Lewis Bradford Consulting Engineers Ltd were the structural engineering firm on the Tūranga project. The structure consists of large post-tensioned concrete walls with viscous dampers to provide a low damage structural system along with a steel moment resisting frame structure to the perimeter.
Lewis Bradford Consulting Engineers was instrumental in developing a structure that could withstand future potential earthquakes of the magnitude that destroyed many Christchurch buildings in 2011. Tūranga was constructed to very stringent performance criteria, and is designed to sustain minimal structural damage during a large earthquake thanks to an integrated, self-centering mechanism that allows the building to sway and then return to its original position.
Part of the innovative set up is a seismic force-resisting system made up of a series of large-scale concrete walls that can rock and shift to isolate the building from peak earthquake accelerations during a significant seismic event. Each wall has high tensile, pre-tensioned steel cables that clamp the wall to the foundations with approximately 1,000 tonnes of force per wall.
The structural engineering and design used in Tūranga has won a number of awards.
- Find out more about the structural engineering on Schmidt Hammer Lassen Architects page about Tūranga
- View Lewis Bradford Consulting Engineers Ltd information on the low damage features of Tūranga [PDF]

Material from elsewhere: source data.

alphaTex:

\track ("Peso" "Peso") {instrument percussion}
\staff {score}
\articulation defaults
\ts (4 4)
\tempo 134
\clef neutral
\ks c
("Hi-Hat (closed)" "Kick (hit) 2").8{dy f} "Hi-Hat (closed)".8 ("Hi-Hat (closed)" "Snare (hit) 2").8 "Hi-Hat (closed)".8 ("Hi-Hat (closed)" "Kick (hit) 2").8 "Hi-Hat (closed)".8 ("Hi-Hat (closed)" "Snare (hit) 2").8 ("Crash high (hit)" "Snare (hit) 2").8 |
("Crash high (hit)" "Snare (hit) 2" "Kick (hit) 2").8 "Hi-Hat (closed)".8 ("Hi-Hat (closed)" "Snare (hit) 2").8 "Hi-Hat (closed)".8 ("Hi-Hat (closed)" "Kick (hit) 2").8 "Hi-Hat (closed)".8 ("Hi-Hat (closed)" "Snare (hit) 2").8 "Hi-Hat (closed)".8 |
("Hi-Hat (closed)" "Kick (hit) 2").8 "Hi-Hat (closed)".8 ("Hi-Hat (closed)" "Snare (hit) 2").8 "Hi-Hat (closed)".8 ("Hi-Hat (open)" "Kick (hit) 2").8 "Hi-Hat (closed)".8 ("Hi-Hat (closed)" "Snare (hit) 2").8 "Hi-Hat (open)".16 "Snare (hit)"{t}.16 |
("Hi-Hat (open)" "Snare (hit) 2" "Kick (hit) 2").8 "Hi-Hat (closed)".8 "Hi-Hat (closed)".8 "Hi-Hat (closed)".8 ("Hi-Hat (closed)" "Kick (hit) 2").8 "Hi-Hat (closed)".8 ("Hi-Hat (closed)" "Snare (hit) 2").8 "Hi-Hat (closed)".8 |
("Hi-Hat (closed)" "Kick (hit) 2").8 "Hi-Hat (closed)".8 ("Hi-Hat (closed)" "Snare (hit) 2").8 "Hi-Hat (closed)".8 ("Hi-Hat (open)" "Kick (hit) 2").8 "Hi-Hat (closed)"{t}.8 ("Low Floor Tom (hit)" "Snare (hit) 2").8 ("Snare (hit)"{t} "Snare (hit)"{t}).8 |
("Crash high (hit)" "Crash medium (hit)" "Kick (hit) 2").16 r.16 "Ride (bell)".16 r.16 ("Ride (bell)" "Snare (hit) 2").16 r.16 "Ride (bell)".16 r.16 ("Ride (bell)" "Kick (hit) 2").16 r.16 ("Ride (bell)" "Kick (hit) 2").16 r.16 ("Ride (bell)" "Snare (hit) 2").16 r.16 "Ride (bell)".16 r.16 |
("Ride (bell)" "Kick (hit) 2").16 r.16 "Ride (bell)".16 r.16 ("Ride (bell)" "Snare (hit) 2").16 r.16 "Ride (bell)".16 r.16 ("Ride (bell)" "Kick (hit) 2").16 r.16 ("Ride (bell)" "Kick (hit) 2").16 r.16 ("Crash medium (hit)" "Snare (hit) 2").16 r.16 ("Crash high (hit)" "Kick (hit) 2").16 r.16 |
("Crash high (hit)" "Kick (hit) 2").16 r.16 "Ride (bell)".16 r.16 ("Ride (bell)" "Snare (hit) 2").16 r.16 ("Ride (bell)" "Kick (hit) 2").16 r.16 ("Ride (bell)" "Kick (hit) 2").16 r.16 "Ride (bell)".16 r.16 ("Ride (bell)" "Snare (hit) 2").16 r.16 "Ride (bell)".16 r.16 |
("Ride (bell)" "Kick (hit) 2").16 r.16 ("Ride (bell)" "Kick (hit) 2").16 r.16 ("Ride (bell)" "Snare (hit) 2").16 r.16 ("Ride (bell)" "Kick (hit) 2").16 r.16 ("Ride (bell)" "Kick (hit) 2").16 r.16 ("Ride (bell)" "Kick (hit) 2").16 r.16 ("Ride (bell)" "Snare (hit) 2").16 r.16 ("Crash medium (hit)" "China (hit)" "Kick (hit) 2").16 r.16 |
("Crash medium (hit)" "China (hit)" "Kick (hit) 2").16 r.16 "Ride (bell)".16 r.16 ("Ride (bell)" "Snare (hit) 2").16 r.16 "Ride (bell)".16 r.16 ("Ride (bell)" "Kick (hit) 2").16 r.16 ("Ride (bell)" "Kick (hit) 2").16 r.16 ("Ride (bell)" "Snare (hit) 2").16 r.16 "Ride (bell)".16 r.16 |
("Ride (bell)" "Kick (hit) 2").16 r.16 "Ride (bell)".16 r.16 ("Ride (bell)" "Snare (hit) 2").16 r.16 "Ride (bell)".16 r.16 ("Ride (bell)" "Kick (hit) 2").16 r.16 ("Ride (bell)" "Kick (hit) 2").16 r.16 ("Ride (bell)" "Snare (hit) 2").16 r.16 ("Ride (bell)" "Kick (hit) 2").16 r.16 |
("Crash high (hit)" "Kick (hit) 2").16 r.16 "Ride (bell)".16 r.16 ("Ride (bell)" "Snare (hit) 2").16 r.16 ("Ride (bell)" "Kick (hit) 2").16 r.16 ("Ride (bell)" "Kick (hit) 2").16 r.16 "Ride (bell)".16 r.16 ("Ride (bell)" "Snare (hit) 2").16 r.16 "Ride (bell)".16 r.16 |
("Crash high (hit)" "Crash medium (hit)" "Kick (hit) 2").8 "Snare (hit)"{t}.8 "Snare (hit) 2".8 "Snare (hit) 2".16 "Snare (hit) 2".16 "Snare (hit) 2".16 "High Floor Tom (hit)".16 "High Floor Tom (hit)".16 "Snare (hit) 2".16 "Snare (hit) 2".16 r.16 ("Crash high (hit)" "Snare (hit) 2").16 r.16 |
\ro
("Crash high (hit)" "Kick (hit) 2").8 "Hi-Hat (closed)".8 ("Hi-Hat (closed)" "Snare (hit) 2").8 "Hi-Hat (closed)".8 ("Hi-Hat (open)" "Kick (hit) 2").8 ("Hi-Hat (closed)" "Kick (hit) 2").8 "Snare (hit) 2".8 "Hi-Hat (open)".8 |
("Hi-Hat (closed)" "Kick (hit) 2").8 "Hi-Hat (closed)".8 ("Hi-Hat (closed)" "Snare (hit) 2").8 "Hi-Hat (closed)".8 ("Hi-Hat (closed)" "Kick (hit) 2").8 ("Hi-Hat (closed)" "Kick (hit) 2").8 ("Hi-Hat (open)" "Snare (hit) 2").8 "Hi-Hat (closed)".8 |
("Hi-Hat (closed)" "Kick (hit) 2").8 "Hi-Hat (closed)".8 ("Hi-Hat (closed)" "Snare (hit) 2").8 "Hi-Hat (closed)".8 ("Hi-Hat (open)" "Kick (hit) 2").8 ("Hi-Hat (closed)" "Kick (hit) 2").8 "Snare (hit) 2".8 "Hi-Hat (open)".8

- Watch timelapse video of Tūranga under construction
More about the extrusion dampers in Tūranga
Innovative engineering that will minimise damage during a large earthquake has been used in Tūranga. This low-damage structural engineering design, developed by University of Canterbury Associate Professor Geoffrey Rodgers, uses “dampers” to both absorb energy in a big earthquake and prevent building damage.
Tūranga has large extrusion dampers, bolted at key points between the base walls and the foundation to act as motion restraints during an earthquake. Twenty of these one metre-long dampers – each weighing 185 kilograms – have been used.
“Under a low level of shaking, this building will respond just like a fixed base structure,” Associate Professor Rodgers says. “Once you get beyond that low level of shaking, it has been designed to roll and move at the base, but in a controlled way.”